In 1383. Maximum Performance of a Team, we aim to maximize performance, but the team's performance is limited by the minimum efficiency among its engineers. To address this challenge, we first sort the engineers by efficiency in descending order. As we select engineers one by one, the newly selected one will have the lowest efficiency, and we maintain a minimum priority queue based on speed to keep track of the currently selected engineers. When selecting a new engineer, we may need to remove the one with the lowest speed from the queue to calculate and possibly update the team's performance.

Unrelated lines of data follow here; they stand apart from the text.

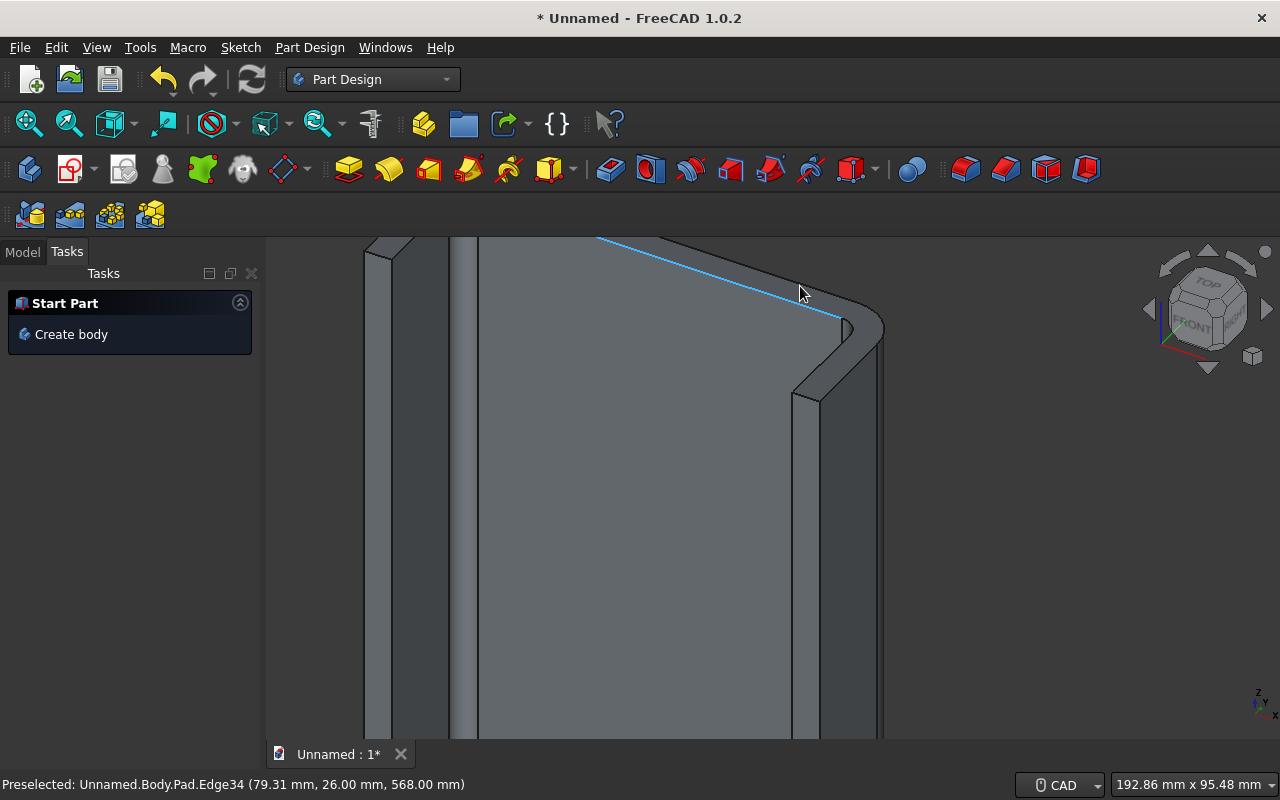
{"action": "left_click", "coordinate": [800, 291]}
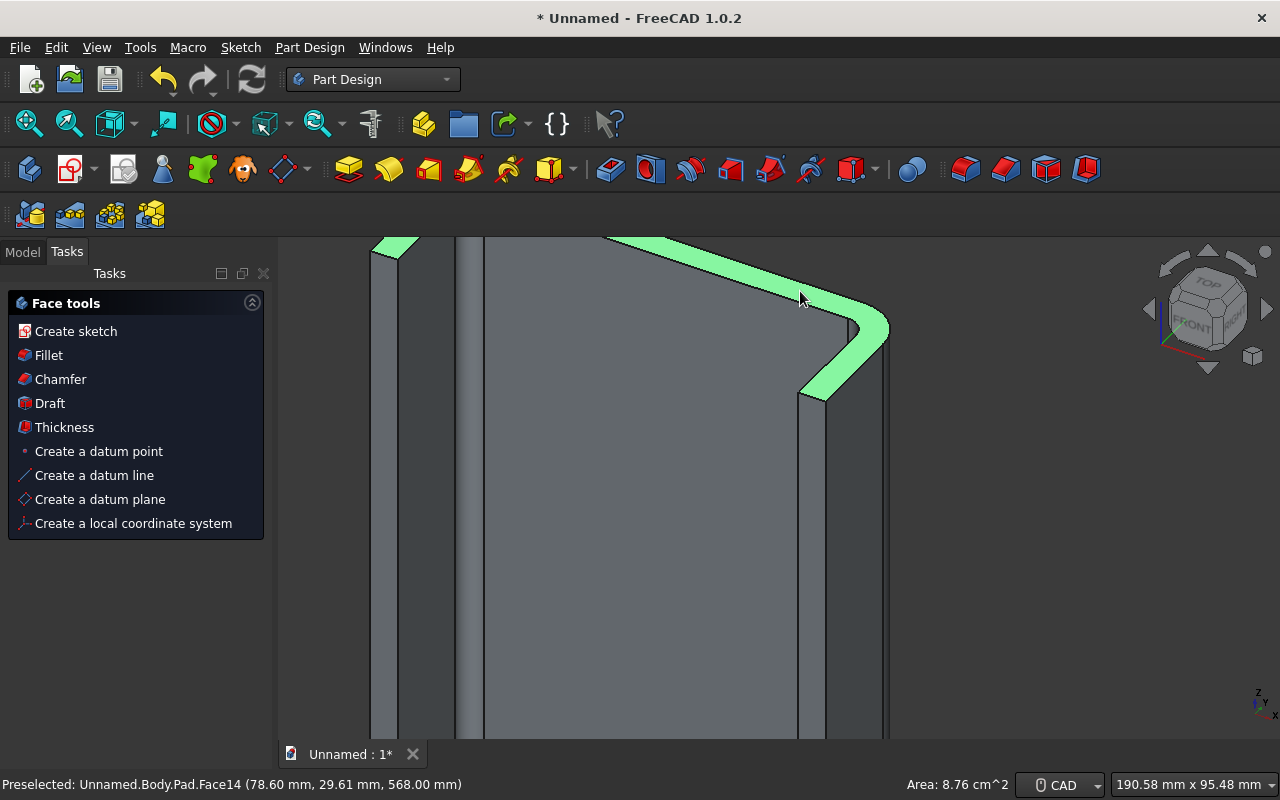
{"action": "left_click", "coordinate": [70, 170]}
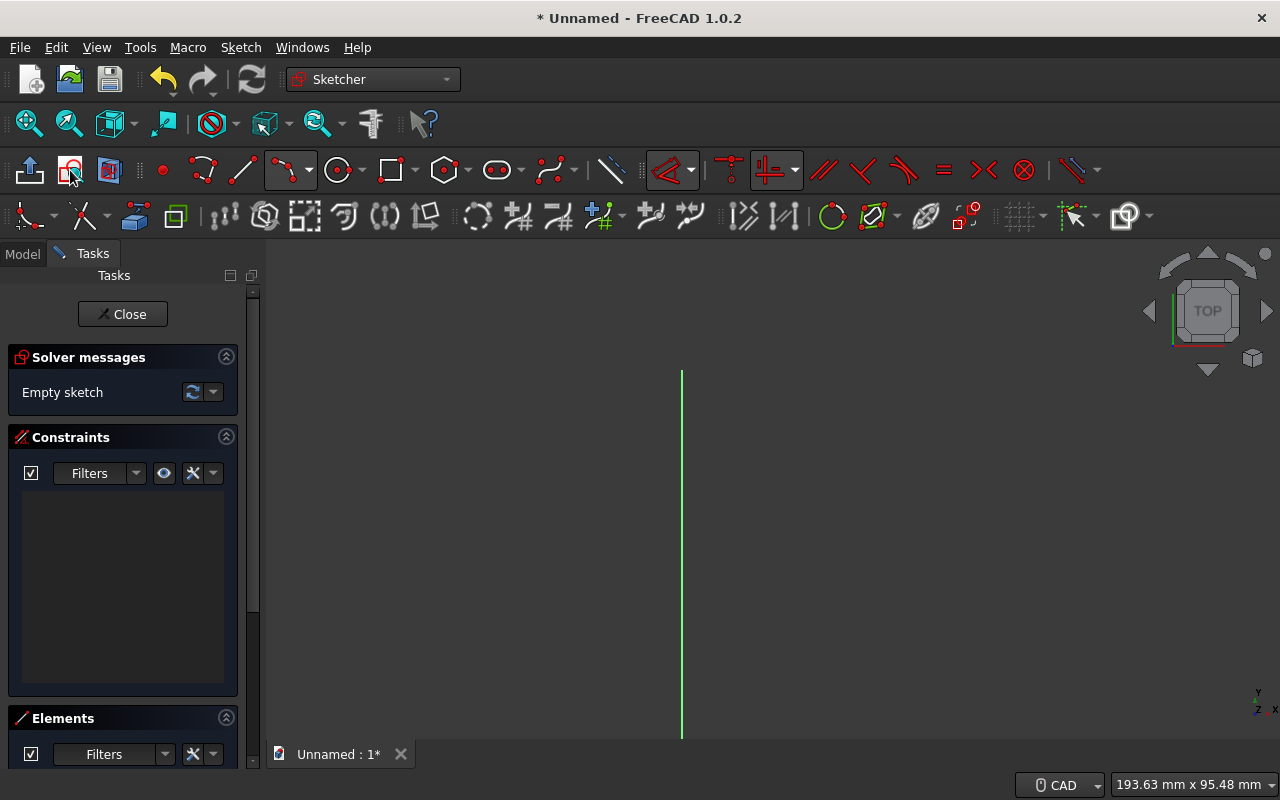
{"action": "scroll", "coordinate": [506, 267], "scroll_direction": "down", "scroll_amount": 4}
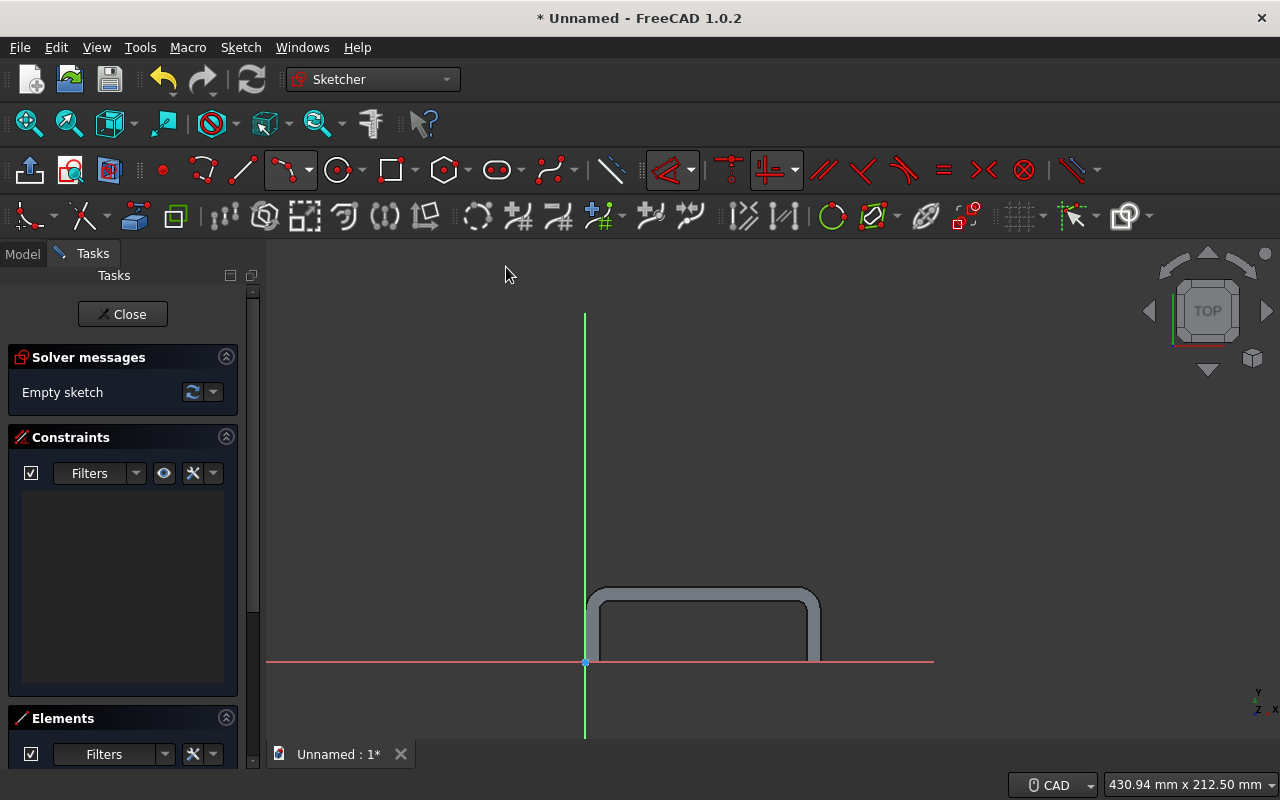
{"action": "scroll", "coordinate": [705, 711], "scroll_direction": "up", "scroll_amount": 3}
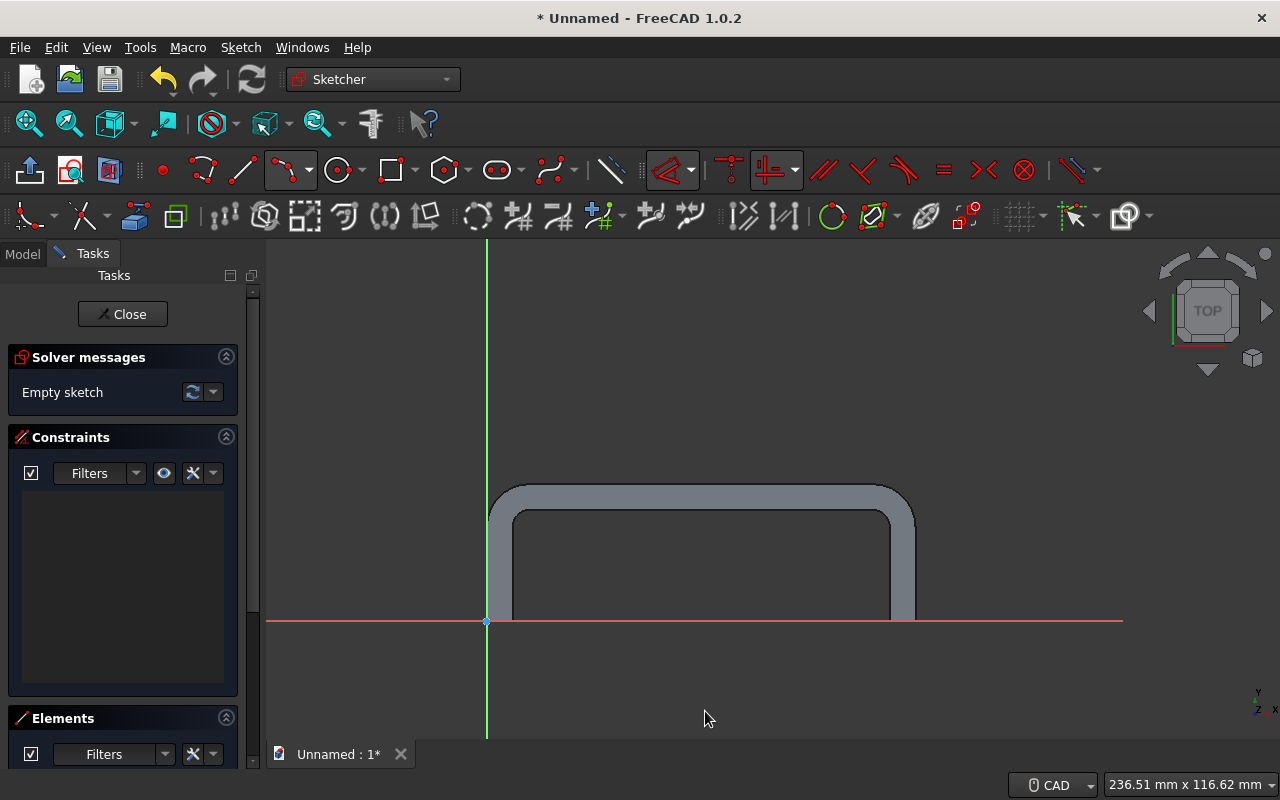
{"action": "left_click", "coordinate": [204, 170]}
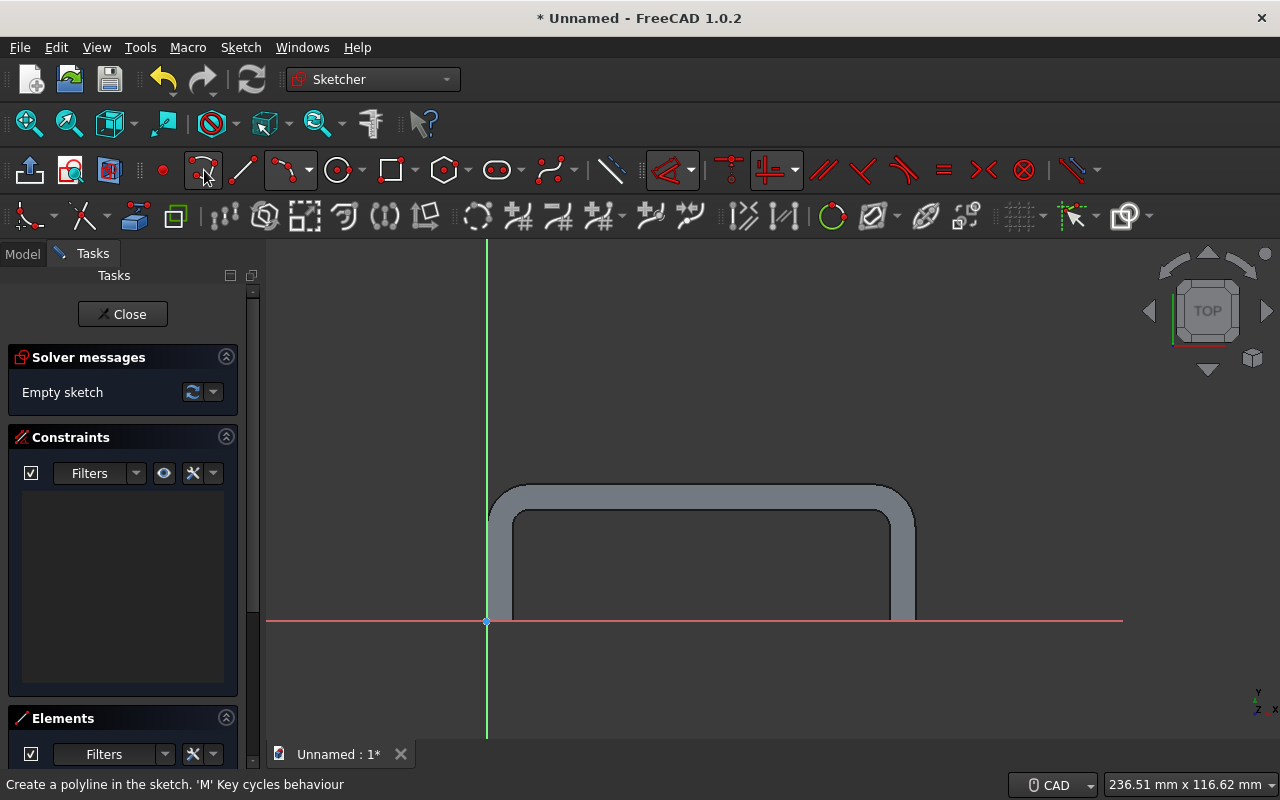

int maxPerformance(int n, vector<int>& speed, vector<int>& efficiency, int k) {
    const int mod = 1e9 + 7;
    vector<pair<int, int>> engineers;
    for (int i = 0; i < n; i++)
        engineers.push_back({efficiency[i], speed[i]});

    sort(engineers.rbegin(), engineers.rend());

    priority_queue<int, vector<int>, greater<int>> pq;
    long long sum = 0, res = 0;
    for (auto& [ef, sp]: engineers) {
        pq.push(sp);
        sum += sp;
        res = max(res, sum * ef);
        if (pq.size() >= k) {
            sum -= pq.top();
            pq.pop();
        }
    }
    return res % mod;
}

In 1675. Minimum Deviation in Array, we note that after any number of operations, a number's minimum possible value is odd, and its maximum possible value is even. We create a maximum priority queue with the maximum possible values of all elements and maintain a separate variable for the minimum element in the queue. The current deviation is the difference between the top of the queue and this minimum value. We then perform operations on the top element if it is even: we pop it, push the halved element, and update the minimum and deviation as needed.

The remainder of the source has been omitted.